(Data excerpts)

##########

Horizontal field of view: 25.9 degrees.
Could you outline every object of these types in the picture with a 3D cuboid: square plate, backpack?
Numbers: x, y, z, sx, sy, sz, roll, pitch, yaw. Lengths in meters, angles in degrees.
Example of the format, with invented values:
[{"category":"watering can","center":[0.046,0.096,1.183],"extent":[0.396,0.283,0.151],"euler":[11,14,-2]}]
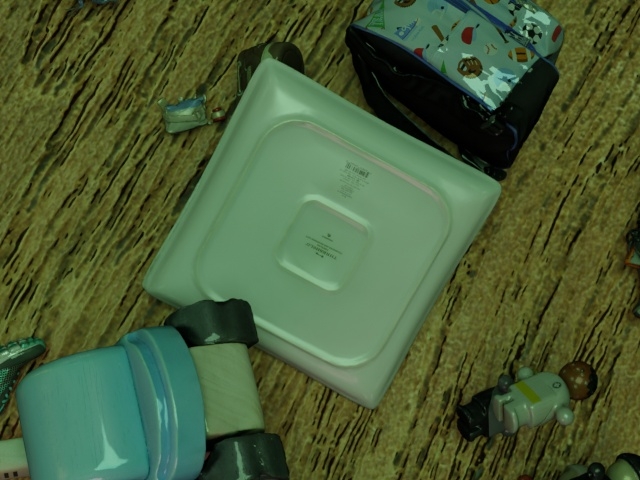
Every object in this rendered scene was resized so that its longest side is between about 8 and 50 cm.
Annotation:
[{"category":"square plate","center":[0.000,0.000,1.752],"extent":[0.347,0.049,0.344],"euler":[28,102,-6]},{"category":"backpack","center":[0.169,-0.230,1.764],"extent":[0.263,0.276,0.213],"euler":[30,77,7]}]

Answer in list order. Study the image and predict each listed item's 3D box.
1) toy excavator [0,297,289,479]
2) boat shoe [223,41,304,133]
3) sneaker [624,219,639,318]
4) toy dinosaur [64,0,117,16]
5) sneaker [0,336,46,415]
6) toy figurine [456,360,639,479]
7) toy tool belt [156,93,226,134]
[{"category":"toy excavator","center":[-0.321,0.244,1.651],"extent":[0.445,0.433,0.222],"euler":[-3,69,-29]},{"category":"boat shoe","center":[-0.077,-0.130,1.825],"extent":[0.095,0.095,0.257],"euler":[4,89,33]},{"category":"sneaker","center":[0.453,-0.020,1.827],"extent":[0.108,0.100,0.271],"euler":[-1,82,1]},{"category":"toy dinosaur","center":[-0.310,-0.335,1.839],"extent":[0.082,0.090,0.047],"euler":[11,63,-33]},{"category":"sneaker","center":[-0.416,0.185,1.771],"extent":[0.166,0.065,0.076],"euler":[-32,102,-4]},{"category":"toy figurine","center":[0.288,0.255,1.722],"extent":[0.148,0.213,0.209],"euler":[-20,81,-19]},{"category":"toy tool belt","center":[-0.170,-0.173,1.832],"extent":[0.083,0.052,0.051],"euler":[-17,92,-6]}]
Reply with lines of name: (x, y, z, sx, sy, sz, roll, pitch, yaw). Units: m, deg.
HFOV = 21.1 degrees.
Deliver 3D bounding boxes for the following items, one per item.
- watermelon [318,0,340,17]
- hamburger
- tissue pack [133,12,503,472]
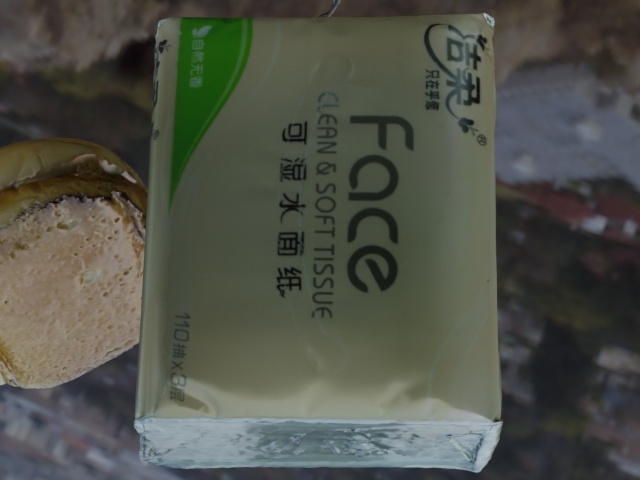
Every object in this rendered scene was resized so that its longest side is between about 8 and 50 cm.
watermelon: (0.109, -0.340, 1.835, 0.127, 0.232, 0.204, 30, 135, 4)
hamburger: (-0.308, 0.027, 1.914, 0.304, 0.284, 0.174, 66, 179, -59)
tissue pack: (0.000, 0.000, 1.602, 0.332, 0.404, 0.205, 0, 160, 2)
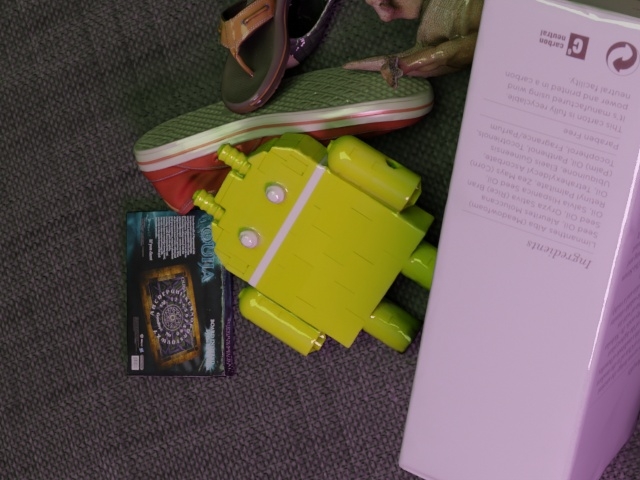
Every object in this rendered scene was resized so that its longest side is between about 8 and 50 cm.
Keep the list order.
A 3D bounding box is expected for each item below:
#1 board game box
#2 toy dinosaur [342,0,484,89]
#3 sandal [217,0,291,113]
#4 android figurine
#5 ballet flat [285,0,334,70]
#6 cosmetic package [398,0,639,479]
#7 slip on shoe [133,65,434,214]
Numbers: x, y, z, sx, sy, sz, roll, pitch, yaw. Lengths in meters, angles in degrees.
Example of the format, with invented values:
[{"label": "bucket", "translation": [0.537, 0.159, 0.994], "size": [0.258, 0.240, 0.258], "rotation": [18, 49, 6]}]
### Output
[{"label": "board game box", "translation": [-0.156, 0.058, 1.665], "size": [0.126, 0.026, 0.186], "rotation": [-1, 88, 24]}, {"label": "toy dinosaur", "translation": [0.157, -0.236, 1.476], "size": [0.295, 0.200, 0.127], "rotation": [-49, 60, 35]}, {"label": "sandal", "translation": [-0.070, -0.237, 1.580], "size": [0.090, 0.060, 0.219], "rotation": [-1, 70, 48]}, {"label": "android figurine", "translation": [0.000, 0.000, 1.524], "size": [0.273, 0.056, 0.248], "rotation": [34, 122, -1]}, {"label": "ballet flat", "translation": [-0.011, -0.259, 1.597], "size": [0.057, 0.049, 0.173], "rotation": [35, 102, 22]}, {"label": "cosmetic package", "translation": [0.219, -0.007, 1.322], "size": [0.162, 0.230, 0.453], "rotation": [19, 114, 24]}, {"label": "slip on shoe", "translation": [-0.033, -0.106, 1.582], "size": [0.331, 0.123, 0.101], "rotation": [-15, 115, 18]}]
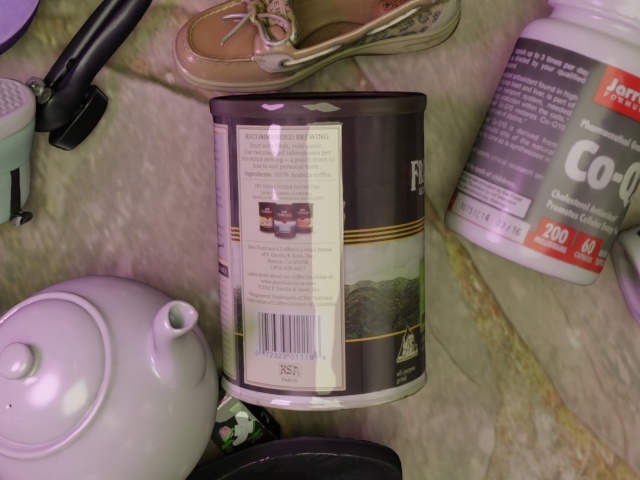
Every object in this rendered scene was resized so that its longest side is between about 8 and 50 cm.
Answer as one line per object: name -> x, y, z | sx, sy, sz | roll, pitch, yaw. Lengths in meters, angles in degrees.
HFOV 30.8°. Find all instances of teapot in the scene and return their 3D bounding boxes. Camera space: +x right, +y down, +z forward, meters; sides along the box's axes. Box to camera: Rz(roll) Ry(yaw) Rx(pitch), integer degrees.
teapot -> -0.235, 0.136, 1.075 | 0.253, 0.187, 0.256 | 28, 85, 32

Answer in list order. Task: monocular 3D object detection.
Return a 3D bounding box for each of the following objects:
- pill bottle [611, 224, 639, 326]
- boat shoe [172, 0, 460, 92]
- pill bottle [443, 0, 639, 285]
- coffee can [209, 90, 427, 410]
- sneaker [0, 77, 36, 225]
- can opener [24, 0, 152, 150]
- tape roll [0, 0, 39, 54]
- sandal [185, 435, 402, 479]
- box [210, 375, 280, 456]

##########

**About this task:** Looking at the records above, count the lines with the word "Answer" in them; reply with the number only.

**Written solution:** 3